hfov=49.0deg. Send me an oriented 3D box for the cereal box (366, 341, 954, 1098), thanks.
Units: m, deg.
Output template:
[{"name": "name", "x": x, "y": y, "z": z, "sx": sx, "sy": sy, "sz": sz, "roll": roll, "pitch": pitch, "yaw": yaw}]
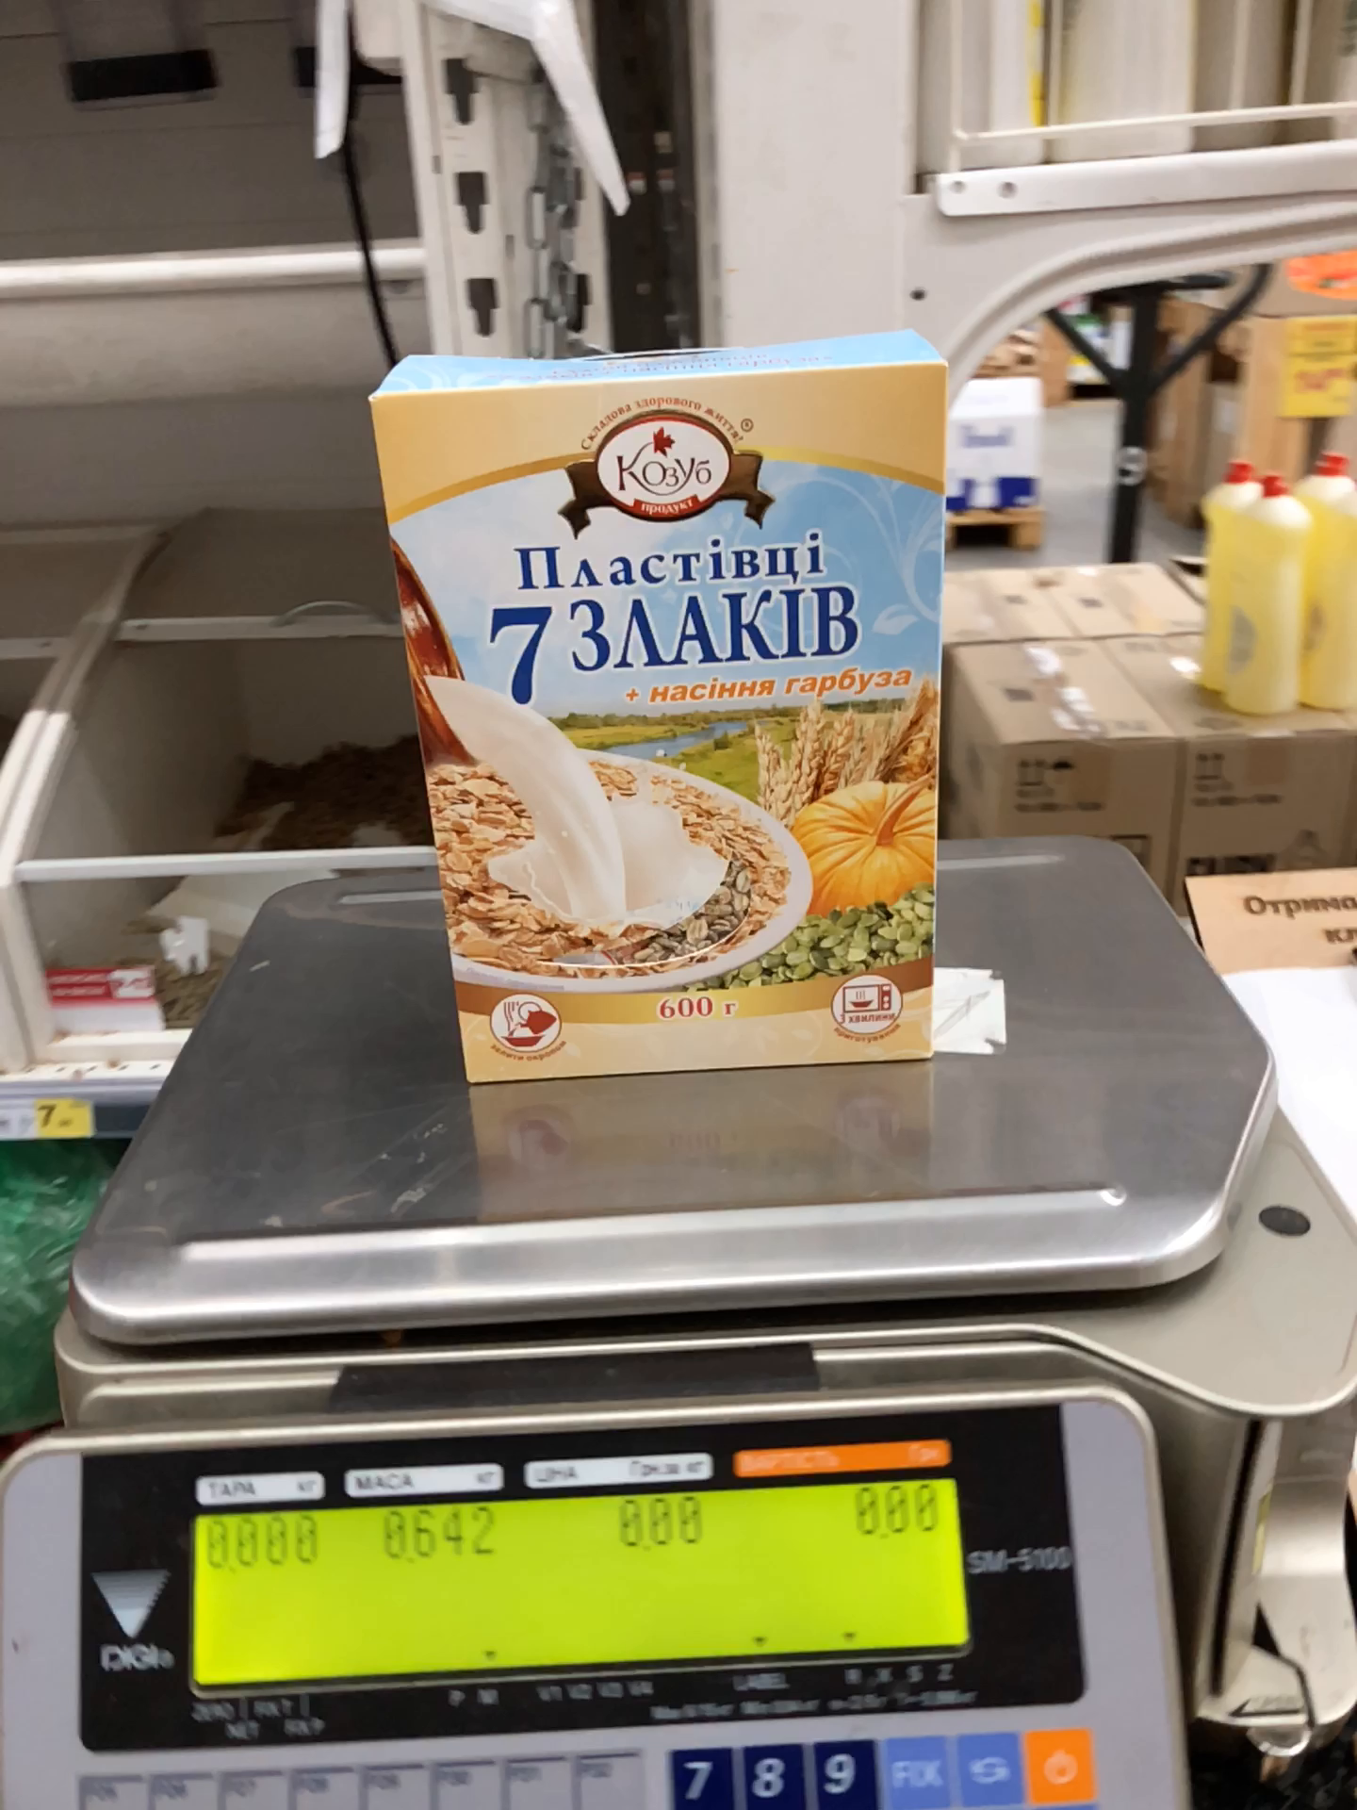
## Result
[{"name": "cereal box", "x": -0.001, "y": -0.054, "z": 0.482, "sx": 0.160, "sy": 0.228, "sz": 0.060, "roll": -2, "pitch": 26, "yaw": 1}]
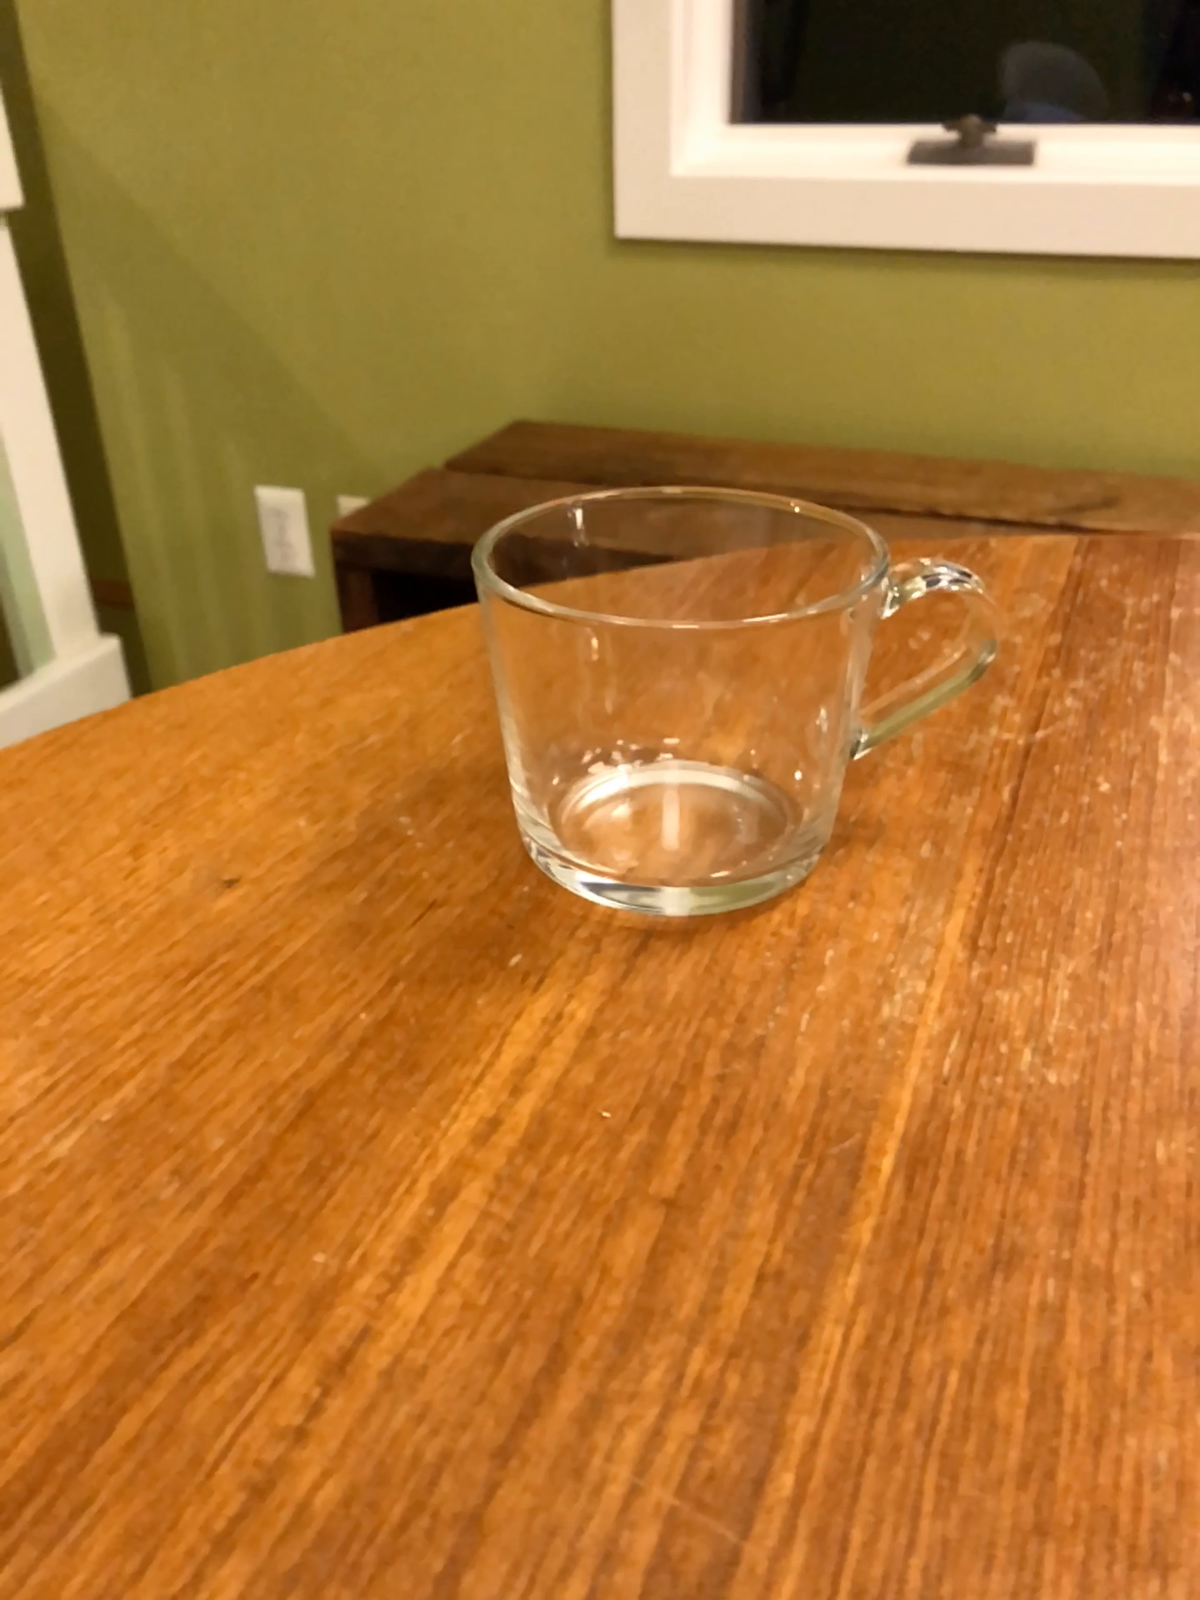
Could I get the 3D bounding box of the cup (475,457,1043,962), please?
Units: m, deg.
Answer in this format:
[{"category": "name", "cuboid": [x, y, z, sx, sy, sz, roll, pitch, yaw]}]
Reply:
[{"category": "cup", "cuboid": [0.031, -0.028, 0.345, 0.120, 0.089, 0.101, -3, 29, -3]}]
- - -
→ Exercise directions:
Copy out exactly, and only, the lines from the one that contains "Could I get" through the last line of the material above.

→ Answer space:
Could I get the 3D bounding box of the cup (475,457,1043,962), please?
Units: m, deg.
Answer in this format:
[{"category": "name", "cuboid": [x, y, z, sx, sy, sz, roll, pitch, yaw]}]
Reply:
[{"category": "cup", "cuboid": [0.031, -0.028, 0.345, 0.120, 0.089, 0.101, -3, 29, -3]}]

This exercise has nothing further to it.